Christ literally says, here is the kingdom, Father. I have put all enemies under My feet. Where has the kingdom been? At the resurrection, Christ gives it to the Father and says, here’s the kingdom. I have defeated all My enemies. Where was it? That is at the resurrection. That is the final resurrection with Christ’s return. Where and what is the kingdom, is one of the great mysteries of the Bible.

With help from the mind of Christ, we should be able to understand this. We should be able to put the Scriptures together, and with the mind of Christ working with us, understand this subject. He told the disciples, I want you to understand the mysteries of the kingdom. We believe we are disciples of Christ. We are learning from Christ. That means Christ should be teaching us these things, but we have to focus on it and try to understand God’s word. We need to put the Scriptures together and let Him talk to us through the Scriptures.

When you study the kingdom of God, you are going to find out that the parables contain a wealth of information about the kingdom of God. They have a wealth of information! There are certain logical requirements that I want to put in place, so when we look at the parables, we’ll know what we are looking for.

A kingdom must have four things that I have identified today. First of all you must have a king. A kingdom requires a king. Second of all, as we have learned in the past, a kingdom requires territory. It requires physical soil—territory. Thirdly, it must have subjects. A king with no subjects isn’t much of a king. Lastly, it has to have laws to rule the kingdom by.

First of all let’s look at the king. Let’s turn to John chapter 18. This is where He was getting brought before Pilate. John 18, verse 37: “Pilate therefore said to Him, ‘Are You a king then?’ Jesus answered, ‘You say rightly that I am a king. For this cause I was born, and for this cause I have come into the world, that I should bear witness to the truth. Everyone who is of the truth hears My voice.’”

In other words as we just read in I Corinthians 2, the Holy Spirit—the mind of Christ—teaches us, and we should be able to hear His voice talking now about the mysteries of the kingdom. But He says straight out to Pilate just before His crucifixion, yes, I am a King.

Go to Revelation 19, which is not totally fulfilled yet, of course. Revelation 19, verse 11: “Now I saw heaven opened, and behold, a white horse. And He who sat on him was called Faithful and True, and in righteousness He judges and makes war. His eyes were like a flame of fire, and on His head were many crowns. He had a name written that no one knew except Himself.”

He is going to defeat all of His enemies. That’s what we were told in I Corinthians 15. He makes wars on His enemies, and the last enemy to defeat is death itself.

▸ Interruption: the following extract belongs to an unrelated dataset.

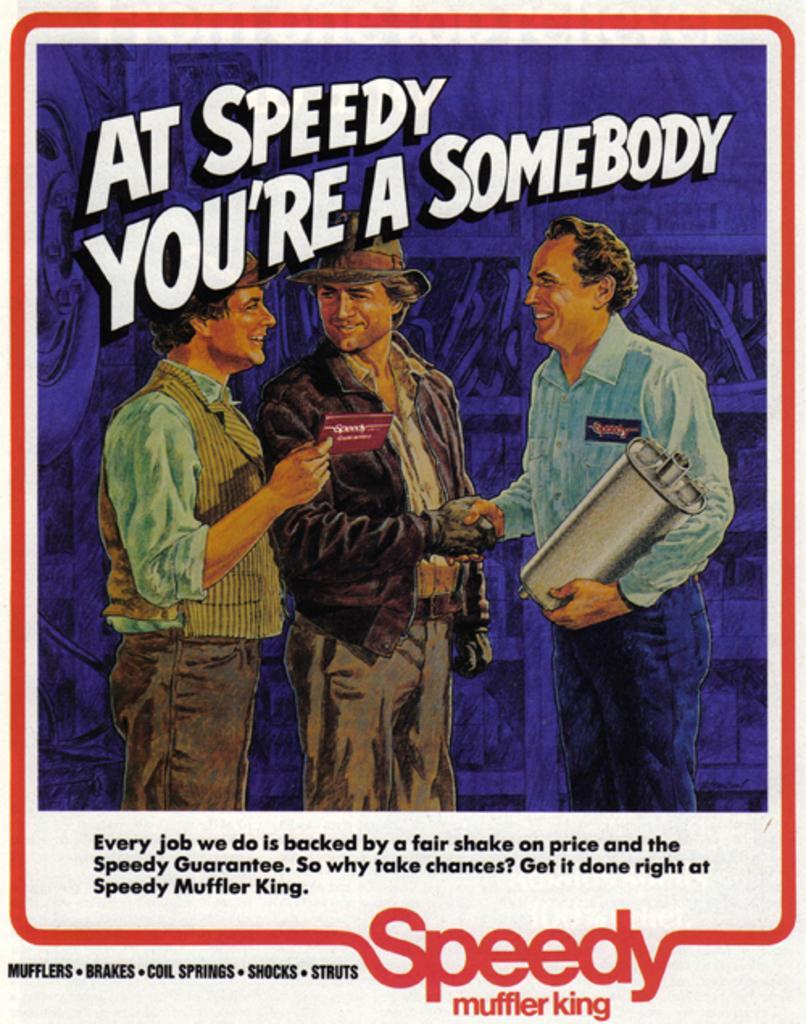Describe this image in one or two sentences. In this image, I can see a poster with the pictures of three people standing and letters written on the poster.

Verse 13: “He was clothed with a robe dipped in blood, and His name is called The Word of God. And the armies in heaven, clothed in fine linen, white and clean, followed Him on white horses. Now out of His mouth goes a sharp sword, that with it He should strike the nations.”

That sharp sword is the Word of God—the Bible. That is His name as well.

Continuing in verse 15 of Revelation 19: “And He Himself will rule them with a rod of iron. He Himself treads the winepress of the fierceness and wrath of Almighty God. And He has on His robe and on His thigh a name written: KING OF KINGS AND LORD OF LORDS.”

Jesus Christ is the King.

I want to skip now to the fourth of the four requirements—the laws of the kingdom. Then we will come back to the territory and the subjects. Let’s go to Matthew chapter 5. We have done many sermons on the law of God. Let’s just do a quick review in Matthew chapter 5.

Matthew chapter 5, verse 17: “Do not think that I came to destroy the Law or the Prophets. I did not come to destroy but to fulfill [Jesus Christ says]. For assuredly, I say to you, till heaven and earth pass away, one jot or one tittle will by no means pass from the law till all is fulfilled. Whoever therefore breaks one of the least of these commandments, and teaches men so, shall be called least in the kingdom of heaven; but whoever does and teaches them, he shall be called great in the kingdom of heaven.”

It is obvious the Ten Commandments are the basis of the laws of the kingdom of God, and we are blessed if we observe them now. If we do not observe them, or worse yet teach others not to observe them, and if by some way we make it into the kingdom of God, He says we will be the very least in the kingdom. He says this because we did not obey and teach the law when we were alive and had the opportunity to do so physically.

We can see we now have a King, and we have the laws for the kingdom. We have to have territory and subjects. Let’s look at territory for a moment.


Territory is soil. We are on the territory now of the Upper Peninsula in the territory of the United States. There are various territories around the world, but they are composed of land—soil, dirt.

Go back to Matthew chapter 13 where Christ talks about the soil here in the Parable of the Sower. Read Matthew13:1-9.

Here we are talking about soil, the depth of earth, good soil, and fertile ground. Obviously Christ is talking about Himself as a sower and human beings as the earth—the dirt, the territory.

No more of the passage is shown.